Introduction to the Tridena GDPR Compliance Toolkit
On 25th May 2018 the General Data Protection Regulation came into force across Europe. The Regulation has been made law in the UK via The Data Protection Act(DPA) 2018 and takes penalties for non-compliance with data laws up to a maximum of 20 million euros or 4% of turnover, whichever is the greater. The vast majority of UK companies must be compliant. Compliance with data privacy requirements must be a common part of business functions if companies wish to reduce their risk. The Tridena GDPR(DPA 2018) Compliance Toolkit will provide you all the key information you require.
UK companies will need to manage their data more robustly than ever before. GDPR (DPA 2018) has strict rules on obtaining, processing, retaining and deleting personal data. The Regulation also allows for far greater subject access to data held.
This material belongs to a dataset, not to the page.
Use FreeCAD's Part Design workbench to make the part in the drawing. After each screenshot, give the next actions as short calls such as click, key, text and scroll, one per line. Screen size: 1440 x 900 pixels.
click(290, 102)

Getting started with GDPR(DPA 2018) compliance
Companies would be advised to complete a full audit of the personal data and sensitive personal data that is processed by the business. Such personal data will be held on a number of different subject categories, for example, employees, customers, contractors. The audit will identify gaps in compliance and will lead to a range of actions in order to achieve compliance with GDPR(DPA 2018). These activities can be prioritised to ensure any higher risk areas are addressed as a matter of priority.
Companies will need to review existing policies and, in all likelihood, create new supporting documentation. For example, a company’s data protection policy will almost certainly require updating and new additional documents such as an information security policy and a data breach policy are likely to be required.
Employment contract clauses need scrutiny as the traditional method on relying on consent for the processing of employee data is not the preferred or recommended approach under GDPR(DPA 2018).
Companies must also consider their relationships with third parties who might process personal data on their behalf. GDPR(DPA 2018) contains strict rules around such processing.
Help from Tridena
We are experts in data privacy and are certified information privacy professionals. We are able to provide advice on basic GDPR (DPA 2018) compliance up to complex international data sharing practices. We have developed a GDPR(DPA 2018)compliance toolkit in partnership with a respected HR consultancy.
We offer the documents listed below within a ‘toolkit’ to support you in becoming GDPR(DPA 2018) compliant. Further support can be obtained from Tridena as required (standard fees apply).
GDPR (DPA 2018) Compliance Toolkit – contents:
- Excel audit and assessment tool for data flows
- Information and GDPR(DPA 2018) action checklist
- Template policy documents to be adapted to your company needs:
- Data Protection Policy
- Information Security Policy
- Subject Rights and Subject Access Request Policy
- Data Breach Policy
- Data Retention Policy
- Data protection impact assessment (DPIA)
- Template privacy notices for key data subjects to be adapted to your company needs:
- Job applicants
- Employee referees
- Template clauses for third party processors to be adapted to your company needs
- Suggested employment contract clause replacing the standard ‘consent to process’ clause that many employment contracts currently contain
The documents have been prepared to assist client companies compliance with GDPR(DPA 2018). Should you identify that further documents are required, please let us know and we will work to supply these to you. The documents are as thorough as possible but will need careful adaption by companies to ensure they are reflective of their business and operations.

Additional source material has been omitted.